CE, 06 mai 2019, M. B. (408531)

Légalité confirmée d’une décision peu formaliste du CNU

Le Landerneau académique de la section 32 (Chimie organique, minérale & industrielle) du Conseil National des Universités (Cnu) et l’Université de la Réunion ont frémi ces derniers jours. Etait en effet contestée, devant le CE en excès de pouvoir, une délibération – suivie par le ministère – de ladite section 32 ayant émis un avis défavorable quant à la nomination d’un maître de conférences dans un autre corps d’enseignants-chercheurs : celui des professeurs d’Université. Il existe effectivement plusieurs modalités ou voies pour intégrer ce corps et le juge rappelle à cet égard que l’art. 46 du décret du 6 juin 1984 met en place non seulement (aux alinéas 1,2 et 4 de l’art.) une procédure basée sur une qualification préalable des candidats sur une liste nationale d’habilitation émise par le CNU mais aussi (au moyen de l’art. 46-3°) une voie propre aux maîtres de conférences faisant état de dix années au moins de services et titulaires du diplôme d’HDR (habilitation à diriger les recherches). Par cette autre modalité, les concours ont d’abord lieu localement devant les Universités ouvrant des postes et, par suite seulement, le CNU est appelé à émettre un avis (suivi par le ministère) sur les candidatures classées et retenues par les établissements. Alors, précise le décret précité, « dans l’ordre de la liste de classement proposée par l’établissement, le candidat le mieux classé qui a reçu un avis favorable de la section du CNU est nommé ». En conséquence, et plusieurs candidats malheureux l’ont appris dans plusieurs des sections académiques, si une Université (et de facto un comité de sélection d’universitaires) classe premier un candidat (par exemple très apprécié localement pour son investissement administratif ou pédagogique mais moins pour ses qualités et mérites scientifiques), il n’est pas rare que le CNU « corrige » cette tentative en émettant un avis défavorable. Concrètement des candidats en positions secondes sont alors parfois « repêchés » et nommés car considérés plus qualifiés par le CNU que le lauréat ! Dans cette hypothèse, certains présidents d’Université nourrissent des ulcères face à l’institution nationale pourtant méritante et garante du service public – national et non local – de l’enseignement supérieur et de la recherche. En l’occurrence, on l’aura deviné, l’Université de la Réunion avait classé premier (…)

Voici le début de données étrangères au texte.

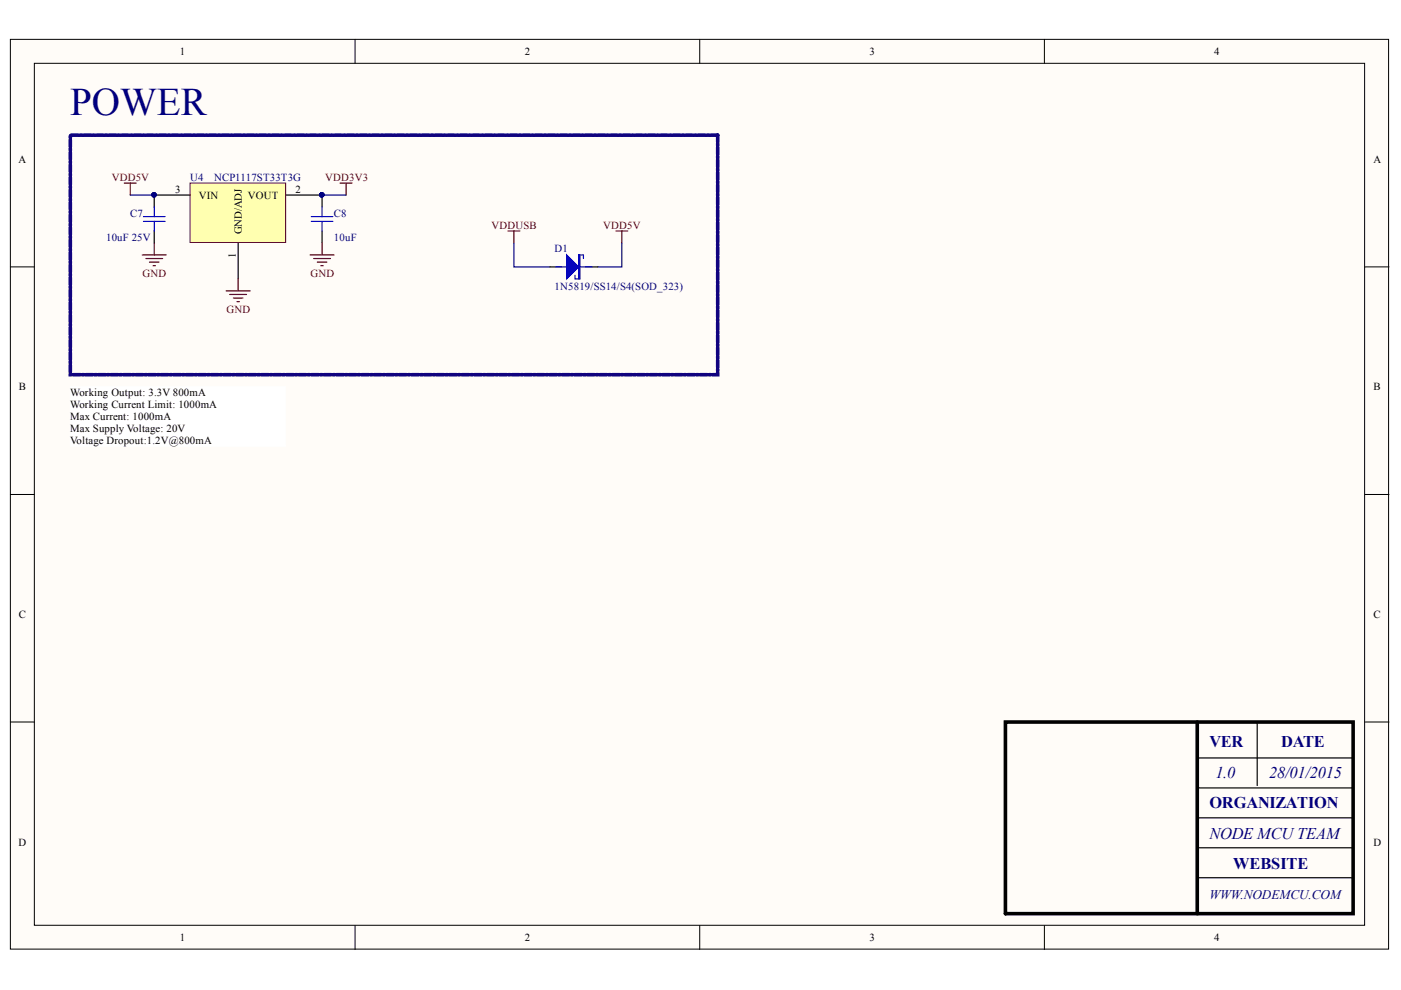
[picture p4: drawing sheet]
<svg xmlns="http://www.w3.org/2000/svg" width="297mm" height="210mm" viewBox="0 0 297 210" stroke-linecap="round" stroke-linejoin="round" font-family="sans-serif">
<defs><g id="words">
<text font-size="8.3" fill="#000080" x="14.9" y="24.3">POWER</text>
<g font-size="3.5" fill="#000080">
<text x="256.4" y="158.4">VER</text>
<text x="271.6" y="158.4">DATE</text>
<text x="257.7" y="164.9">1.0</text>
<text x="269.1" y="164.9">28/01/2015</text>
<text x="256.4" y="171.4">ORGANIZATION</text>
<text x="256.4" y="177.8">NODE MCUTEAM</text>
<text x="261.5" y="184.3">WEBSITE</text>
</g>
<text font-size="2.8" fill="#000080" x="256.4" y="190.6">WWW.NODEMCU.COM</text>
<g font-size="2.3">
<text x="38.2" y="11.7">1</text>
<text x="111.2" y="11.7">2</text>
<text x="184.3" y="11.7">3</text>
<text x="257.4" y="11.7">4</text>
<text x="3.9" y="34.5">A</text>
<text x="291.2" y="34.5">A</text>
<text x="37.1" y="40.8">3</text>
<text x="62.7" y="40.8">2</text>
<text x="42.1" y="42.1">VIN</text>
<text x="52.5" y="42.1">VOUT</text>
<text x="51.3" y="49.7" transform="rotate(-90 51.3 49.7)">GND/ADJ</text>
<text x="50" y="54.7" transform="rotate(-90 50 54.7)">1</text>
<text x="4" y="82.7">B</text>
<text x="291.2" y="82.7">B</text>
<text x="14.9" y="84">Working Output: 3.3V 800mA</text>
<text x="14.9" y="86.5">Working Current Limit: 1000mA</text>
<text x="14.9" y="89.1">Max Current: 1000mA</text>
<text x="14.9" y="91.6">Max Supply Voltage: 20V</text>
<text x="14.9" y="94.2">Voltage Dropout:1.2V@800mA</text>
<text x="4" y="131">C</text>
<text x="291.2" y="131">C</text>
<text x="3.9" y="179.3">D</text>
<text x="291.2" y="179.3">D</text>
<text x="38.2" y="199.6">1</text>
<text x="111.2" y="199.6">2</text>
<text x="184.3" y="199.6">3</text>
<text x="257.4" y="199.6">4</text>
</g>
<g font-size="2.3" fill="#800000">
<text x="23.7" y="38.3">VDD5V</text>
<text x="68.9" y="38.3">VDD3V3</text>
<text x="104.2" y="48.5">VDDUSB</text>
<text x="127.9" y="48.5">VDD5V</text>
<text x="30.2" y="58.7">GND</text>
<text x="65.8" y="58.7">GND</text>
<text x="48" y="66.3">GND</text>
</g>
<g font-size="2.3" fill="#000080">
<text x="40.4" y="38.3">U4</text>
<text x="45.4" y="38.3">NCP1117ST33T3G</text>
<text x="27.6" y="46">C7</text>
<text x="70.8" y="46">C8</text>
<text x="22.5" y="51">10uF 25V</text>
<text x="70.8" y="51">10uF</text>
<text x="117.6" y="53.3">D1</text>
<text x="117.6" y="61.4">1N5819/SS14/S4(SOD_323)</text>
</g>
</g></defs>
<g fill="#fffcf8" stroke="#000" stroke-width=".21">
<path d="M2.2 8.3h292.2v192.9h-292.2z"/>
<path d="M7.3 13.4h282v182.8h-282z"/>
</g>
<path d="M75.3 8.3v5.1M148.4 8.3v5.1M221.4 8.3v5.1M2.2 56.6h5.1M289.4 56.6h5.1M2.2 104.8h5.1M289.4 104.8h5.1M2.2 153.1h5.1M289.4 153.1h5.1M75.3 196.3v5M148.4 196.3v5M221.4 196.3v5" fill="none" stroke="#000" stroke-width=".21"/>
<path d="M14.9 82h45.7v12.6h-45.7z" fill="#fff" stroke="#fff" stroke-width=".21"/>
<path d="M213.2 153.1h73.7v40.6h-73.7zM253.8 153.1v40.6" fill="none" stroke="#000" stroke-width=".76"/>
<path d="M266.5 153.1v13.4M253.8 160.7h33.1M253.8 167.1h33.1M253.8 173.4h33.1M253.8 179.8h33.1M253.8 186.1h33.1" fill="none" stroke="#000" stroke-width=".25"/>
<path d="M152.2 28.7h-137.3v50.7h137.3v-50.7" fill="none" stroke="#11037f" stroke-width=".76" stroke-dasharray="1.5 .4 .4 .4"/>
<path d="M107.7 49h2.5M109 49v2.5M130.6 49h2.5M131.8 49v2.5" fill="none" stroke="#800000" stroke-width=".25"/>
<path d="M109 51.5v5.1h7.6M131.8 51.5v5.1h-5.1" fill="none" stroke="#000080" stroke-width=".25"/>
<path d="M40.3 38.8h20.3v12.6h-20.3z" fill="#ffffb0" stroke="#800000" stroke-width=".21"/>
<path d="M32.7 49v2.5M40.3 41.4h-7.6v2.5M50.5 51.5v7.6M60.7 41.4h7.6v2.5M68.3 49v2.5M116.6 56.6h2.5M124.2 56.6h2.5" fill="none" stroke="#000" stroke-width=".25"/>
<g fill="#000080" stroke="#000080" stroke-width=".21">
<circle cx="68.2" cy="41.3" r=".46"/>
<circle cx="32.7" cy="41.3" r=".46"/>
</g>
<g fill="none" stroke="#800000" stroke-width=".25">
<path d="M26.3 38.8h2.6M27.6 38.8v2.6M72.1 38.8h2.5M73.4 38.8v2.6M30.2 54.1h5M30.9 54.8h3.6M31.7 55.6h2M32.4 56.3h.6M32.7 51.5v2.6M50.5 59.1v2.6M65.7 54.1h5.1M66.5 54.8h3.6"/>
<path d="M67.3 55.6h2M68 56.3h.5M68.3 51.5v2.6M48 61.7h5M48.7 62.4h3.6M49.5 63.2h2M50.2 64h.5"/>
</g>
<path d="M27.6 41.4h5.1M68.3 41.4h5.1" fill="none" stroke="#000080" stroke-width=".25"/>
<path d="M30.4 46.9h4.6M30.4 45.9h4.6M32.7 43.9v2M32.7 46.9v2.1M66 46.9h4.6M66 45.9h4.6M68.3 43.9v2M68.3 46.9v2.1M117.9 56.6h7.6M122.7 54.1h.2v5h-.2zM122.8 54.1v5" fill="none" stroke="#00f" stroke-width=".25"/>
<path d="M120.1 54.1l2.6 2.5-2.6 2.5z" fill="#00f"/>
<path d="M120.1 54.1l2.6 2.5-2.6 2.5zM121.9 58.4v.7h1M122.7 54.1h1v.7" fill="none" stroke="#00f" stroke-width=".25"/>
<use href="#words"/>
</svg>

CE, 06 mai 2019, Ligne nationale pour la liberté des vaccinations (419242)

Il faut consentir aux soins… sauf s’ils sont obligatoires à l’instar des 11 vaccinations nouvelles

Depuis plusieurs années, le droit français de la santé est de plus en plus régi par le principe – consensualiste et d’essence privatiste – du consentement qui tend à faire du patient un « égal » du médecin et des personnels de santé. On informe les patients, on les prévient et l’on oblige les médecins à informer et à obtenir, dans la plupart des cas, le consentement aux soins. La plupart d’entre nous s’en félicite même s’il est clair à nos yeux que la relation juridique de santé en est affectée et ce, parfois, au détriment de la médecine qui (comme l’éducation) donne alors l’impression qu’on voudrait la traiter à l’instar d’une question économique de clientèle. Or, disons-le, ni la santé, ni la Justice, ni l’Education ne sont des entreprises. Dans le cadre de cette évolution systémique, cependant, la France rappelle parfois que la puissance publique peut retrouver sa puissante unilatéralité lorsqu’elle se veut protectrice du plus grand nombre ce qui est la définition même d’une politique de santé publique. C’est ce second principe fort que vient ici réaffirmer le CE dans une série de décisions attendues (V. également ci-après la req. 415694) à la suite de la décision, portée par la Loi de financement de la Sécurité sociale pour 2018, d’étendre à onze le nombre de vaccins obligatoires (sauf contre-indication médicale reconnue). En l’espèce, la « Ligue nationale pour la liberté des vaccinations » (LNLV) contestait la légalité du décret du 25 janvier 2018 mettant en œuvre la Loi précitée notamment en ce que l’imposition des 11 vaccins implique désormais la preuve de leur exécution pour que les enfants soient admis en écoles et autres établissements publics d’accueil. A ce premier égard, affirme le CE, la France est autorisée à réglementer le droit à l’instruction en l’assortissant d’obligations d’intérêt général (comme celle de la vaccination) ce qui permet d’affirmer la conformité de la norme française à l’art. 2 du 1er protocole add. à la CESDHLF.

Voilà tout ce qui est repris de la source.